О господи! За колоколообразным коньком на крыше дома напротив мелькнула тень человека, распластавшегося на уложенной внахлестку черепице. Знакомая ошибка: солнце меняет свое положение на небе, и тени появляются там, где их не было, выдавая спрятавшегося наблюдателя – или снайпера. Кого именно? Солнечный блик в объективе бинокля или оптического прицела не ответил на этот вопрос.
Джэнсон быстро обвел взглядом мансардные окна дома напротив, ища что-то необычное. Вот оно: маленький участок большого двустворчатого окна вымыт, чтобы в него было удобнее смотреть.
И балка с блоком: она тоже была какая-то странная. Через мгновение Джэнсон понял, в чем дело. Это была вовсе не балка – вместо нее из стены торчал ствол винтовки.
А может быть, все это плод его перегретого воображения? Он видит что-то зловещее в тенях, точно так же как дети превращают корявые ветви дерева в когти неведомого чудовища? Ссадина на темени ныла. Быть может, он испугался призраков?
Внезапно маленький прямоугольник стекла словно взорвался, и послышался глухой треск расщепленного дерева. Пуля вонзилась в паркет. Затем лопнуло еще одно стекло, потом еще одно, поливая дождем блестящих осколков длинный стол.
Штукатурка на стене напротив окна покрылась сетью неровных трещин. Со звоном разлетелось еще одно стекло, и новая пуля ударила в штукатурку всего в нескольких дюймах над головой Джэнсона. Упав на пол, он покатился к двери.
Выстрелы без звука выстрела: пули были выпущены из винтовки с глушителем. Ему уже следовало бы к этому привыкнуть.
И вдруг громкий раскат, прозвучавший странным контрапунктом к бесшумной стрельбе. На улице послышались другие звуки: визг тормозов. Шум открывшейся и закрывшейся двери автомобиля.
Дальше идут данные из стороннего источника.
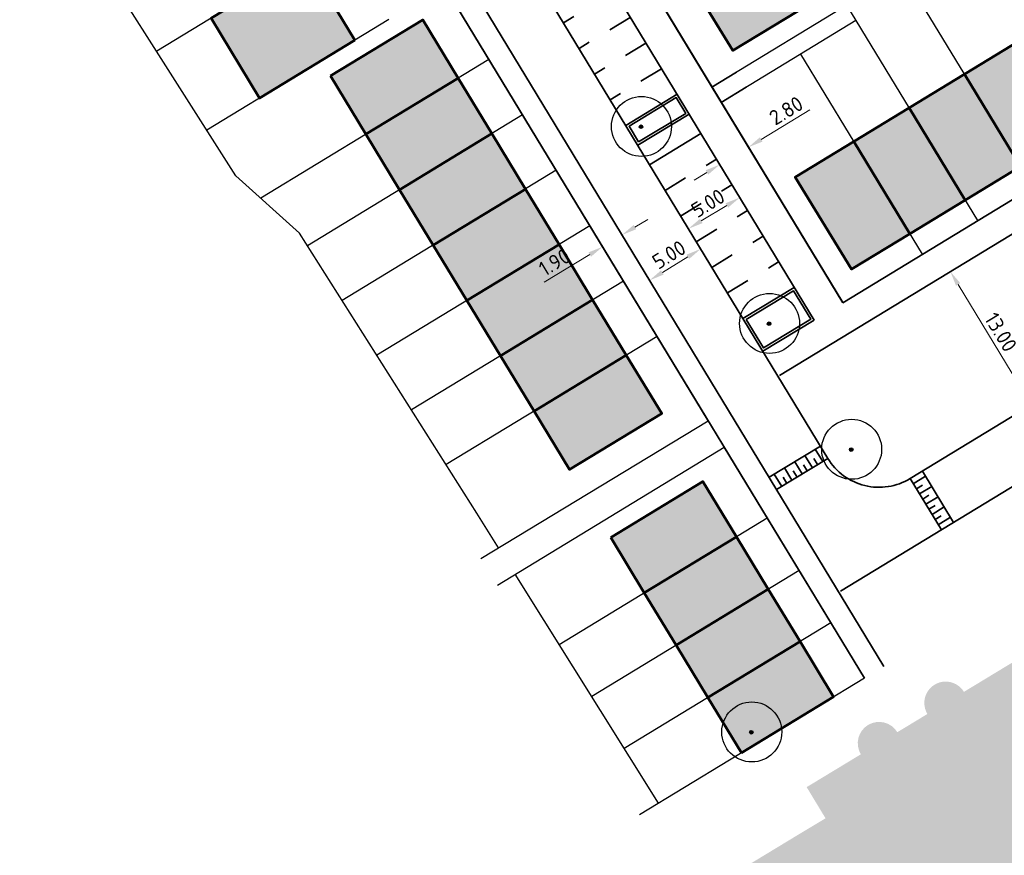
# Model space of a CAD drawing. Header units: metres. Extents: x 133800 to 134314, y 432795 to 433442.
# Tile 8 of 21: x 133908 to 133990, y 433026 to 433096. Entities that reach past the tile are written whole.
import ezdxf

# ---------------------------------------------------------------- set-up
doc = ezdxf.new("R2010")
doc.units = ezdxf.units.M
doc.linetypes.add('XX-HIDDEN', pattern=[4, 2, -2])
doc.layers.get('DEFPOINTS').update_dxf_attribs({"color": 201, "lineweight": 0})
for name, color, linetype, lineweight in [('B-WE-GR-BOOM-S', 90, 'Continuous', 25), ('N-XX-GR-HAAG-G', 90, 'GR-HAAG1', 35), ('N-XX-VH-KANTOPSLUITING_ACHTERKANTBAND-G', 50, 'Continuous', 35), ('N-XX-VH-MATERIAALGRENS-G', 7, 'XX-HIDDEN', 35), ('svp_beb_bebouwing', 1, 'Continuous', 53), ('svp_uitg_uitgeefbaar', 2, 'Continuous', 30), ('X-XX-AL-M', 7, 'Continuous', 18)]:
    doc.layers.add(name, color=color, linetype=linetype, lineweight=lineweight)
doc.layers.add('svp_beb_arc bebouwing', color=253, linetype='Continuous')
doc.layers.add('X-XX-AL-HULPLIJNEN', color=211, linetype='Continuous', plot=False)
doc.styles.add('NLCS-ISO-M500-T25', font='NLCS-ISO.ttf', dxfattribs={"height": 1.25})
doc.linetypes.add('GR-HAAG1', pattern='A,6,[176,NLCS.shx,S=0.125,R=0,X=0,Y=0],-2', length=8)
doc.dimstyles.new('NLCS-M500-T25-PIJL_L2_H1', dxfattribs={"dimscale": 0.5, "dimtxt": 2.5, "dimasz": 2.5, "dimexe": 2, "dimexo": 2, "dimgap": 0.7, "dimtad": 1, "dimzin": 0, "dimdsep": 46, "dimtxsty": 'NLCS-ISO-M500-T25', "dimcen": 2.5, "dimdle": 2, "dimclrd": 256, "dimclre": 256, "dimclrt": 7, "dimadec": 1, "dimazin": 0, "dimtfac": 1, "dimtdec": 3, "dimtofl": 0, "dimtmove": 0, "dimatfit": 3, "dimfxl": 2, "dimfxlon": 1, "dimtfillclr": 256, "dimtolj": 1, "dimtzin": 0, "dimlwd": -1, "dimlwe": -1, "dimarcsym": 0})

# ---------------------------------------------------------------- blocks, each defined once
blk = doc.blocks.new('SGR-BOOM_KROON-SO')
at = {"ltscale": 0.1}
h = blk.add_hatch(color=256, dxfattribs=at)
edge = h.paths.add_edge_path()
edge.add_arc((0, 0), 0.15, 0, 360)
for radius in [2.5, 0.045]:
    blk.add_circle((0.04, 0.02), radius)
blk.add_circle((0, 0), 0.15, dxfattribs=at)
blk = doc.blocks.new('*D114')
at = {"layer": 'DEFPOINTS', "color": 0, "transparency": 16777216}
for p in [(133987.214, 433075.557), (133993.968, 433064.45), (133992.541, 433063.582)]:
    blk.add_point(p, dxfattribs=at)
at = {"layer": 'X-XX-AL-M', "transparency": 16777216}
for p, q in [((133986.359, 433075.038), (133984.933, 433074.17)), ((133986.436, 433073.622), (133991.892, 433064.65)), ((133993.114, 433063.93), (133991.687, 433063.062))]:
    blk.add_line(p, q, dxfattribs=at)
for points in [[(133986.614, 433073.73), (133986.258, 433073.513), (133985.787, 433074.69)], [(133992.07, 433064.758), (133991.714, 433064.542), (133992.541, 433063.582)]]:
    blk.add_solid(points, dxfattribs=at)
at = {"layer": 'X-XX-AL-M', "color": 7, "transparency": 16777216, "insert": (133989.997, 433069.642), "char_height": 1.25, "attachment_point": 5, "rotation": 301.30287, "style": 'NLCS-ISO-M500-T25'}
blk.add_mtext('\\A1;13.00', dxfattribs=at)
blk = doc.blocks.new('*D128')
at = {"layer": 'DEFPOINTS', "color": 0, "transparency": 16777216}
for p in [(133966.552, 433083.602), (133970.962, 433081.734), (133968.569, 433080.28)]:
    blk.add_point(p, dxfattribs=at)
at = {"layer": 'X-XX-AL-M', "transparency": 16777216}
for p, q in [((133970.014, 433085.704), (133974.074, 433088.169)), ((133969.465, 433084.201), (133968.427, 433085.91)), ((133967.071, 433082.748), (133966.033, 433084.457)), ((133965.484, 433082.954), (133964.415, 433082.305))]:
    blk.add_line(p, q, dxfattribs=at)
for points in [[(133969.906, 433085.882), (133970.122, 433085.526), (133968.946, 433085.055)], [(133965.376, 433083.132), (133965.592, 433082.776), (133966.552, 433083.602)]]:
    blk.add_solid(points, dxfattribs=at)
at = {"layer": 'X-XX-AL-M', "color": 7, "transparency": 16777216, "insert": (133972.094, 433088.107), "char_height": 1.25, "attachment_point": 5, "rotation": 31.26285, "style": 'NLCS-ISO-M500-T25'}
blk.add_mtext('\\A1;2.80', dxfattribs=at)
blk = doc.blocks.new('*D129')
at = {"layer": 'DEFPOINTS', "color": 0, "transparency": 16777216}
for p in [(133968.175, 433080.929), (133963.901, 433078.334), (133963.946, 433078.261)]:
    blk.add_point(p, dxfattribs=at)
at = {"layer": 'X-XX-AL-M', "transparency": 16777216}
for p, q in [((133968.22, 433080.855), (133968.739, 433080.001)), ((133967.151, 433080.207), (133965.014, 433078.909)), ((133963.946, 433078.261), (133964.465, 433077.406))]:
    blk.add_line(p, q, dxfattribs=at)
for points in [[(133967.043, 433080.385), (133967.26, 433080.029), (133968.22, 433080.855)], [(133964.906, 433079.087), (133965.123, 433078.731), (133963.946, 433078.261)]]:
    blk.add_solid(points, dxfattribs=at)
at = {"layer": 'X-XX-AL-M', "color": 7, "transparency": 16777216, "insert": (133965.577, 433080.391), "char_height": 1.25, "attachment_point": 5, "rotation": 31.26285, "style": 'NLCS-ISO-M500-T25'}
blk.add_mtext('\\A1;5.00', dxfattribs=at)
blk = doc.blocks.new('*D130')
at = {"layer": 'DEFPOINTS', "color": 0, "transparency": 16777216}
for p in [(133964.967, 433076.578), (133960.706, 433073.962), (133960.706, 433073.962)]:
    blk.add_point(p, dxfattribs=at)
at = {"layer": 'X-XX-AL-M', "transparency": 16777216}
for p, q in [((133964.967, 433076.578), (133964.444, 433077.43)), ((133963.902, 433075.924), (133961.772, 433074.616)), ((133960.706, 433073.962), (133960.183, 433074.814))]:
    blk.add_line(p, q, dxfattribs=at)
for points in [[(133963.793, 433076.102), (133964.011, 433075.747), (133964.967, 433076.578)], [(133961.663, 433074.794), (133961.881, 433074.439), (133960.706, 433073.962)]]:
    blk.add_solid(points, dxfattribs=at)
at = {"layer": 'X-XX-AL-M', "color": 7, "transparency": 16777216, "insert": (133962.327, 433076.101), "char_height": 1.25, "attachment_point": 5, "rotation": 31.54933, "style": 'NLCS-ISO-M500-T25'}
blk.add_mtext('\\A1;5.00', dxfattribs=at)
blk = doc.blocks.new('*D131')
at = {"layer": 'DEFPOINTS', "color": 0, "transparency": 16777216}
for p in [(133958.486, 433077.619), (133956.786, 433076.759), (133956.862, 433076.632)]:
    blk.add_point(p, dxfattribs=at)
at = {"layer": 'X-XX-AL-M', "transparency": 16777216}
for p, q in [((133958.41, 433077.745), (133957.891, 433078.599)), ((133959.478, 433078.393), (133960.547, 433079.042)), ((133956.786, 433076.759), (133956.267, 433077.613)), ((133955.717, 433076.11), (133951.913, 433073.801))]:
    blk.add_line(p, q, dxfattribs=at)
for points in [[(133959.37, 433078.571), (133959.586, 433078.215), (133958.41, 433077.745)], [(133955.609, 433076.288), (133955.825, 433075.932), (133956.786, 433076.759)]]:
    blk.add_solid(points, dxfattribs=at)
at = {"layer": 'X-XX-AL-M', "color": 7, "transparency": 16777216, "insert": (133952.775, 433075.464), "char_height": 1.25, "attachment_point": 5, "rotation": 31.26285, "style": 'NLCS-ISO-M500-T25'}
blk.add_mtext('\\A1;1.90', dxfattribs=at)

msp = doc.modelspace()

# ---------------------------------------------------------------- hatches: boundary and pattern name
at = {"layer": 'svp_beb_arc bebouwing'}
h = msp.add_hatch(color=256, dxfattribs=at)
h.dxf.hatch_style = 1
h.paths.add_polyline_path([(133975.329, 433097.774), (133967.636, 433093.103), (133964.678, 433097.976), (133972.371, 433102.646)])
h = msp.add_hatch(color=256, dxfattribs=at)
h.dxf.hatch_style = 1
h.paths.add_polyline_path([(133936.131, 433093.974), (133928.181, 433089.148), (133924.133, 433095.816), (133932.083, 433100.642)])
h = msp.add_hatch(color=256, dxfattribs=at)
h.dxf.hatch_style = 1
h.paths.add_polyline_path([(133934.098, 433091.005), (133941.791, 433095.676), (133944.749, 433090.804), (133937.056, 433086.133)])
h = msp.add_hatch(color=256, dxfattribs=at)
h.dxf.hatch_style = 1
h.paths.add_polyline_path([(133986.955, 433091.141), (133991.631, 433083.452), (133996.245, 433086.257), (133991.569, 433093.947)])
h = msp.add_hatch(color=256, dxfattribs=at)
h.dxf.hatch_style = 1
h.paths.add_polyline_path([(133939.858, 433081.517), (133947.551, 433086.188), (133944.749, 433090.804), (133937.056, 433086.133)])
h = msp.add_hatch(color=256, dxfattribs=at)
h.dxf.hatch_style = 1
h.paths.add_polyline_path([(133982.341, 433088.336), (133987.017, 433080.646), (133991.631, 433083.452), (133986.955, 433091.141)])
h = msp.add_hatch(color=256, dxfattribs=at)
h.dxf.hatch_style = 1
h.paths.add_polyline_path([(133977.727, 433085.53), (133982.403, 433077.84), (133987.017, 433080.646), (133982.341, 433088.336)])
h = msp.add_hatch(color=256, dxfattribs=at)
h.dxf.hatch_style = 1
h.paths.add_polyline_path([(133942.661, 433076.901), (133950.354, 433081.572), (133947.551, 433086.188), (133939.858, 433081.517)])
h = msp.add_hatch(color=256, dxfattribs=at)
h.dxf.hatch_style = 1
h.paths.add_polyline_path([(133977.727, 433085.53), (133982.403, 433077.84), (133977.533, 433074.879), (133972.857, 433082.569)])
h = msp.add_hatch(color=256, dxfattribs=at)
h.dxf.hatch_style = 1
h.paths.add_polyline_path([(133945.463, 433072.285), (133953.156, 433076.956), (133950.354, 433081.572), (133942.661, 433076.901)])
h = msp.add_hatch(color=256, dxfattribs=at)
h.dxf.hatch_style = 1
h.paths.add_polyline_path([(133948.265, 433067.669), (133955.959, 433072.34), (133953.156, 433076.956), (133945.463, 433072.285)])
h = msp.add_hatch(color=256, dxfattribs=at)
h.dxf.hatch_style = 1
h.paths.add_polyline_path([(133951.068, 433063.054), (133958.761, 433067.724), (133955.959, 433072.34), (133948.265, 433067.669)])
h = msp.add_hatch(color=256, dxfattribs=at)
h.dxf.hatch_style = 1
h.paths.add_polyline_path([(133951.068, 433063.054), (133958.761, 433067.724), (133961.719, 433062.852), (133954.026, 433058.181)])
h = msp.add_hatch(color=256, dxfattribs=at)
h.dxf.hatch_style = 1
h.paths.add_polyline_path([(133957.465, 433052.518), (133965.158, 433057.189), (133967.96, 433052.573), (133960.267, 433047.902)])
h = msp.add_hatch(color=256, dxfattribs=at)
h.dxf.hatch_style = 1
h.paths.add_polyline_path([(133962.914, 433043.542), (133970.607, 433048.213), (133967.96, 433052.573), (133960.267, 433047.902)])
h = msp.add_hatch(color=256, dxfattribs=at)
h.dxf.hatch_style = 1
h.paths.add_polyline_path([(134013.496, 433037.44), (134019.643, 433041.163), (134015.689, 433047.694), (134013.29, 433051.654), (134007.037, 433047.868), (134005.996, 433049.587), (134000, 433045.957), (133998.032, 433044.765), (133995.488, 433043.224), (133992.13, 433041.191), (133991.41, 433042.38), (133988.656, 433040.713), (133986.919, 433039.661, 1.000386), (133983.874, 433037.817), (133981.367, 433036.3, 0.999614), (133978.322, 433034.456), (133975.012, 433032.452), (133973.805, 433031.721), (133975.38, 433029.121), (133973.377, 433027.923), (133967.087, 433024.114), (133966.894, 433023.997), (133966.563, 433023.797), (133969.182, 433019.473), (133964.196, 433016.454), (133968.37, 433009.563), (133977.579, 433015.14), (133977.461, 433015.336), (133979.737, 433016.714), (133984.184, 433009.371), (133991.131, 433013.577), (133986.685, 433020.917), (133988.802, 433022.199), (133990.423, 433019.522), (133999.881, 433025.25), (134001.138, 433023.175), (134009.977, 433028.527), (134012.589, 433024.264), (134019.219, 433028.279)])
h = msp.add_hatch(color=256, dxfattribs=at)
h.dxf.hatch_style = 1
h.paths.add_polyline_path([(134013.496, 433037.44), (134019.643, 433041.163), (134015.689, 433047.694), (134013.29, 433051.654), (134007.037, 433047.868), (134005.996, 433049.587), (134000, 433045.957), (133998.032, 433044.765), (133995.488, 433043.224), (133992.13, 433041.191), (133991.41, 433042.38), (133988.656, 433040.713), (133986.919, 433039.661, 1.000386), (133983.874, 433037.817), (133981.367, 433036.3, 0.999614), (133978.322, 433034.456), (133975.012, 433032.452), (133973.805, 433031.721), (133975.38, 433029.121), (133973.377, 433027.923), (133967.087, 433024.114), (133966.894, 433023.997), (133966.563, 433023.797), (133969.182, 433019.473), (133964.196, 433016.454), (133968.37, 433009.563), (133977.579, 433015.14), (133977.461, 433015.336), (133979.737, 433016.714), (133984.184, 433009.371), (133991.131, 433013.577), (133986.685, 433020.917), (133988.802, 433022.199), (133990.423, 433019.522), (133999.881, 433025.25), (134001.138, 433023.175), (134009.977, 433028.527), (134012.589, 433024.264), (134019.219, 433028.279)])
h = msp.add_hatch(color=256, dxfattribs=at)
h.dxf.hatch_style = 1
h.paths.add_polyline_path([(133965.561, 433039.183), (133973.254, 433043.854), (133970.607, 433048.213), (133962.914, 433043.542)])
h = msp.add_hatch(color=256, dxfattribs=at)
h.dxf.hatch_style = 1
h.paths.add_polyline_path([(133968.363, 433034.567), (133976.056, 433039.238), (133973.254, 433043.854), (133965.561, 433039.183)])

# ---------------------------------------------------------------- linework, layer by layer
at = {"layer": 'N-XX-GR-HAAG-G', "ltscale": 0.2, "flags": 128}
for points in [[(133959.79, 433085.491), (133963.722, 433087.878), (133962.925, 433089.191), (133958.993, 433086.803)], [(133968.768, 433070.703), (133972.698, 433073.094), (133974.144, 433070.712), (133970.214, 433068.322)]]:
    msp.add_lwpolyline(points, close=True, dxfattribs=at)
at = {"layer": 'N-XX-VH-KANTOPSLUITING_ACHTERKANTBAND-G'}
for p, q in [((133955.241, 433107.629), (133976.812, 433072.099)), ((133975.568, 433059.117), (133947.355, 433105.587)), ((133952.854, 433106.164), (133974.419, 433070.645)), ((133943.024, 433103.086), (133980.244, 433041.781)), ((133943.586, 433098.501), (133978.62, 433040.794)), ((133976.812, 433072.099), (134011.951, 433093.467)), ((133965.903, 433090.067), (133967.966, 433091.323)), ((133971.547, 433066.03), (134012.998, 433091.236)), ((133966.681, 433088.785), (133968.769, 433090.055)), ((133962.993, 433089.465), (133958.719, 433086.871)), ((133959.723, 433085.216), (133963.995, 433087.814)), ((133960.709, 433083.592), (133964.981, 433086.19)), ((134018.536, 433079.389), (133982.44, 433057.44)), ((133968.493, 433070.77), (133972.766, 433073.368)), ((133970.147, 433068.047), (133974.419, 433070.645)), ((133976.616, 433048.046), (134007.292, 433066.7)), ((133974.946, 433060.143), (133970.672, 433057.548)), ((133975.141, 433058.858), (133974.518, 433059.883)), ((133975.568, 433059.117), (133971.294, 433056.522)), ((133973.431, 433057.82), (133972.809, 433058.845)), ((133974.286, 433058.339), (133973.663, 433059.364)), ((133974.714, 433058.598), (133974.402, 433059.111)), ((133972.577, 433057.301), (133971.954, 433058.326)), ((133973.004, 433057.56), (133972.693, 433058.073)), ((133973.859, 433058.079), (133973.547, 433058.592)), ((133983.466, 433058.063), (133986.063, 433053.791)), ((133971.722, 433056.782), (133971.099, 433057.807)), ((133972.149, 433057.041), (133971.838, 433057.554)), ((133982.44, 433057.44), (133985.038, 433053.168)), ((133983.725, 433057.636), (133982.7, 433057.012)), ((133983.472, 433056.897), (133982.96, 433056.585)), ((133984.245, 433056.782), (133983.22, 433056.158)), ((133983.992, 433056.043), (133983.479, 433055.731)), ((133984.764, 433055.927), (133983.739, 433055.304)), ((133984.512, 433055.188), (133983.999, 433054.876)), ((133985.284, 433055.073), (133984.259, 433054.449)), ((133985.031, 433054.334), (133984.518, 433054.022)), ((133985.804, 433054.218), (133984.778, 433053.595))]:
    msp.add_line(p, q, dxfattribs=at)
msp.add_arc((133979.842, 433061.712), 5, 211.26285, 301.30287, dxfattribs=at)
at = {"layer": 'N-XX-VH-MATERIAALGRENS-G'}
for p, q in [((133957.803, 433098.013), (133953.53, 433095.419)), ((133959.1, 433095.876), (133954.828, 433093.282)), ((133960.398, 433093.739), (133956.125, 433091.145)), ((133961.695, 433091.602), (133957.422, 433089.008)), ((133961.999, 433081.451), (133966.279, 433084.053)), ((133963.298, 433079.315), (133967.576, 433081.916)), ((133964.597, 433077.178), (133968.873, 433079.779)), ((133965.896, 433075.042), (133970.171, 433077.642)), ((133967.195, 433072.906), (133971.468, 433075.505))]:
    msp.add_line(p, q, dxfattribs=at)
at = {"layer": 'svp_beb_bebouwing', "flags": 128}
for points in [[(133975.329, 433097.774), (133967.636, 433093.103), (133964.678, 433097.976), (133972.371, 433102.646), (133975.329, 433097.774)], [(133936.131, 433093.974), (133928.181, 433089.148), (133924.133, 433095.816), (133932.083, 433100.642), (133936.131, 433093.974)], [(133934.098, 433091.005), (133941.791, 433095.676), (133944.749, 433090.804), (133937.056, 433086.133), (133934.098, 433091.005)], [(133986.955, 433091.141), (133991.631, 433083.452), (133996.245, 433086.257), (133991.569, 433093.947), (133986.955, 433091.141)], [(133939.858, 433081.517), (133947.551, 433086.188), (133944.749, 433090.804), (133937.056, 433086.133), (133939.858, 433081.517)], [(133982.341, 433088.336), (133987.017, 433080.646), (133991.631, 433083.452), (133986.955, 433091.141), (133982.341, 433088.336)], [(133977.727, 433085.53), (133982.403, 433077.84), (133987.017, 433080.646), (133982.341, 433088.336), (133977.727, 433085.53)], [(133942.661, 433076.901), (133950.354, 433081.572), (133947.551, 433086.188), (133939.858, 433081.517), (133942.661, 433076.901)], [(133977.727, 433085.53), (133982.403, 433077.84), (133977.533, 433074.879), (133972.857, 433082.569), (133977.727, 433085.53)], [(133945.463, 433072.285), (133953.156, 433076.956), (133950.354, 433081.572), (133942.661, 433076.901), (133945.463, 433072.285)], [(133948.265, 433067.669), (133955.959, 433072.34), (133953.156, 433076.956), (133945.463, 433072.285), (133948.265, 433067.669)], [(133951.068, 433063.054), (133958.761, 433067.724), (133955.959, 433072.34), (133948.265, 433067.669), (133951.068, 433063.054)], [(133951.068, 433063.054), (133958.761, 433067.724), (133961.719, 433062.852), (133954.026, 433058.181), (133951.068, 433063.054)], [(133957.465, 433052.518), (133965.158, 433057.189), (133967.96, 433052.573), (133960.267, 433047.902), (133957.465, 433052.518)], [(133962.914, 433043.542), (133970.607, 433048.213), (133967.96, 433052.573), (133960.267, 433047.902), (133962.914, 433043.542)], [(133965.561, 433039.183), (133973.254, 433043.854), (133970.607, 433048.213), (133962.914, 433043.542), (133965.561, 433039.183)], [(133968.363, 433034.567), (133976.056, 433039.238), (133973.254, 433043.854), (133965.561, 433039.183), (133968.363, 433034.567)]]:
    msp.add_lwpolyline(points, close=True, dxfattribs=at)
at = {"layer": 'svp_uitg_uitgeefbaar', "color": 4}
for p, q in [((133976.854, 433072.125), (133955.284, 433107.655)), ((133965.586, 433062.263), (133943.586, 433098.501)), ((133976.854, 433072.125), (134011.951, 433093.467)), ((133946.646, 433050.764), (133965.586, 433062.263)), ((133948.021, 433048.565), (133966.932, 433060.046)), ((133978.62, 433040.794), (133966.932, 433060.046)), ((133978.62, 433040.794), (133959.877, 433029.415))]:
    msp.add_line(p, q, dxfattribs=at)
at = {"layer": 'X-XX-AL-HULPLIJNEN'}
for p, q in [((133934.443, 433102.075), (133919.607, 433093.068)), ((133984.834, 433101.561), (133965.945, 433090.093)), ((133981.756, 433099.692), (133992.67, 433081.743)), ((133977.14, 433096.89), (133988.056, 433078.937)), ((133938.958, 433095.691), (133923.78, 433086.476)), ((133977.919, 433095.608), (133966.724, 433088.811)), ((133947.313, 433092.361), (133928.277, 433080.803)), ((133973.303, 433092.806), (133983.443, 433076.131)), ((133950.116, 433087.745), (133932.171, 433076.85)), ((133952.918, 433083.129), (133935.062, 433072.288)), ((133955.721, 433078.513), (133937.952, 433067.725)), ((133958.523, 433073.897), (133940.843, 433063.163)), ((133961.325, 433069.281), (133943.733, 433058.601)), ((133970.525, 433054.13), (133953.169, 433043.593)), ((133973.172, 433049.77), (133955.879, 433039.271)), ((133975.818, 433045.411), (133958.588, 433034.95))]:
    msp.add_line(p, q, dxfattribs=at)
at = {"layer": 'X-XX-AL-HULPLIJNEN', "flags": 128}
for points in [[(133948.111, 433051.66), (133946.295, 433054.557), (133931.506, 433077.9), (133926.198, 433082.672), (133910.389, 433107.536), (133908.18, 433112.569)], [(133961.457, 433030.374), (133949.489, 433049.462)]]:
    msp.add_lwpolyline(points, dxfattribs=at)

# ---------------------------------------------------------------- block references
at = {"layer": 'B-WE-GR-BOOM-S', "linetype": 'Continuous'}
for p in [(133959.989, 433086.765), (133970.671, 433070.348), (133977.519, 433059.857), (133969.189, 433036.299, 1.415)]:
    msp.add_blockref('SGR-BOOM_KROON-SO', p, dxfattribs=at)

# ---------------------------------------------------------------- dimensions: what is measured, and where the dimension line sits
at = {"layer": 'X-XX-AL-M'}
dim = msp.add_linear_dim(base=(133966.552, 433083.602), p1=(133970.962, 433081.734), p2=(133968.569, 433080.28), angle=211.26285, dimstyle='NLCS-M500-T25-PIJL_L2_H1', dxfattribs=at)
dim.commit()
dim.dimension.update_dxf_attribs({"geometry": '*D128', "text_midpoint": (133972.6, 433087.274), "dimtype": 161})
for p1, p2, distance, picture, middle in [((133968.175, 433080.929), (133963.901, 433078.334), 0.086, '*D129', (133965.577, 433080.391)), ((133958.486, 433077.619), (133956.862, 433076.632), -0.148, '*D131', (133952.775, 433075.464)), ((133964.967, 433076.578), (133960.706, 433073.962), 0, '*D130', (133962.327, 433076.101)), ((133987.214, 433075.557), (133993.968, 433064.45), -1.67, '*D114', (133989.997, 433069.642))]:
    dim = msp.add_aligned_dim(p1=p1, p2=p2, distance=distance, dimstyle='NLCS-M500-T25-PIJL_L2_H1', dxfattribs=at)
    dim.commit()
    dim.dimension.update_dxf_attribs({"geometry": picture, "text_midpoint": middle})

doc.saveas('drawing.dxf')

А где-то в глубине здания пронзительные крики.
Безумие!
На зал совещаний обрушился настоящий шквал огня. Посланцы смерти вспарывали воздух; одни вышибали все новые стекла, другие пролетали в уже выбитые квадраты. Они вгрызались в стены, потолок, пол. Отражаясь от бронзовых подсвечников, рикошетом разлетались в непредсказуемых направлениях.
Пульсирующий стук в висках стал таким настойчивым, что Джэнсону потребовалось усилие воли только для того, чтобы сфокусировать взгляд.
Думай! Он должен думать. Что-то переменилось. Чем объяснить разнообразие оружия и нападение с разных сторон?
На него охотятся два отряда снайперов. Действующие независимо друг от друга.
Должно быть, на него донесла миссис Новак. Да, теперь Джэнсон был в этом уверен. Она раскусила его с самого начала, а затем играла с ним, как кошка с мышкой. Отсюда озорной взгляд. Она одна из них.
Укрыться от выстрелов можно было только в глубине дома, в одном из внутренних помещений: однако, несомненно, его противники рассчитывают как раз на то, что он бросится туда. А это значит, вместо спасения он шагнет навстречу опасности.
Джэнсон со своего сотового позвонил Барри.
Купер вышел из состояния обычной невозмутимости.